Power

Suppose that an object moves in a general force-field ${\bf f}({\bf r})$. We now know how to calculate how much energy flows from the force-field to the object as it moves along a given path between two points. Let us now consider the rate at which this energy flows. If $dW$ is the amount of work that the force-field performs on the mass in a time interval $dt$ then the rate of working is given by

$$P = \frac{dW}{dt}.$$ (176)

In other words, the rate of working--which is usually referred to as the power--is simply the time derivative of the work performed. Incidentally, the mks unit of power is called the watt (symbol W). In fact, 1 watt equals 1 kilogram meter-squared per second-cubed, or 1 joule per second.
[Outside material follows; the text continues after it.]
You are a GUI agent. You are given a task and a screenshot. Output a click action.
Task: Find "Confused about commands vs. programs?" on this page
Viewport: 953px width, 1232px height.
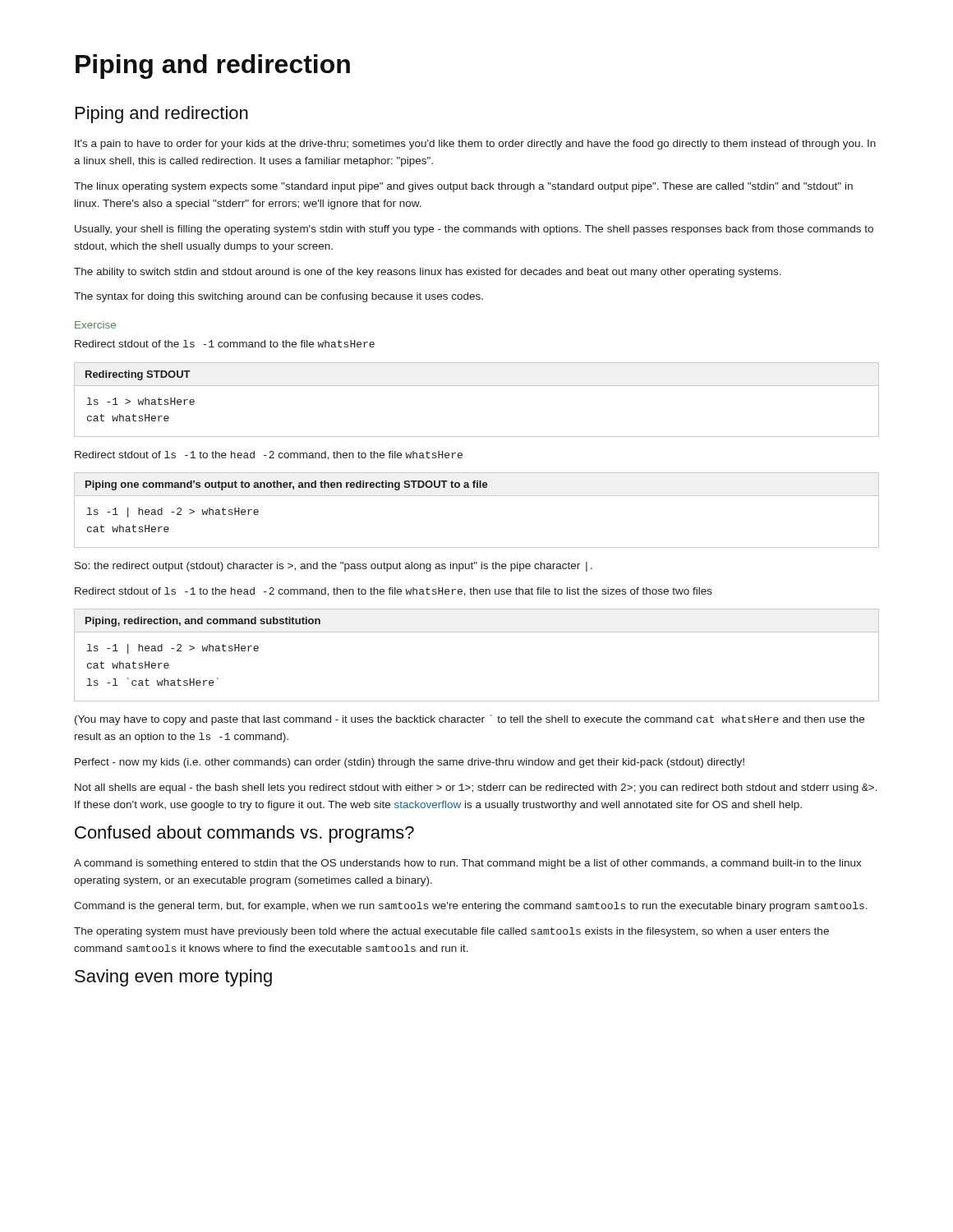[244, 834]
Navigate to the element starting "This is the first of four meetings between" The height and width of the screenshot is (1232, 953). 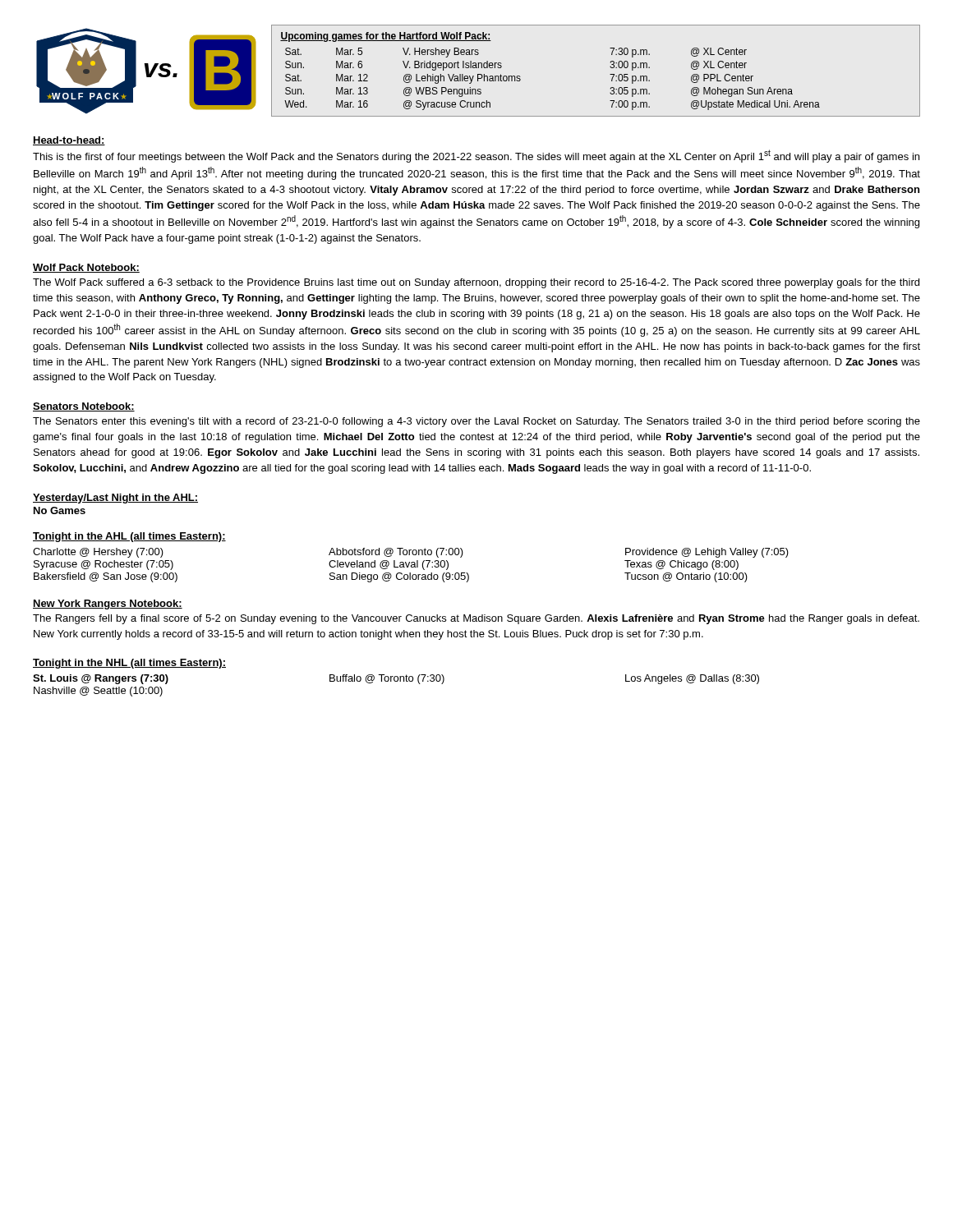(476, 196)

Suppose that the object displaces by $d{\bf r}$ in the time interval $dt$. By definition, the amount of work done on the object during this time interval is given by

$$d W = {\bf f}\!\cdot\!d{\bf r}.$$ (177)

It follows from Eq. (176) that

$$P = {\bf f}\!\cdot\!{\bf v},$$ (178)

where ${\bf v} = d{\bf r}/dt$ is the object's instantaneous velocity. Note that power can be positive or negative, depending on the relative directions of the vectors ${\bf f}$ and ${\bf v}$. If these two vectors are mutually perpendicular then the power is zero. For the case of 1-dimensional motion, the above expression reduces to

$$P = f v.$$ (179)

In other words, in 1-dimension, power simply equals force times velocity.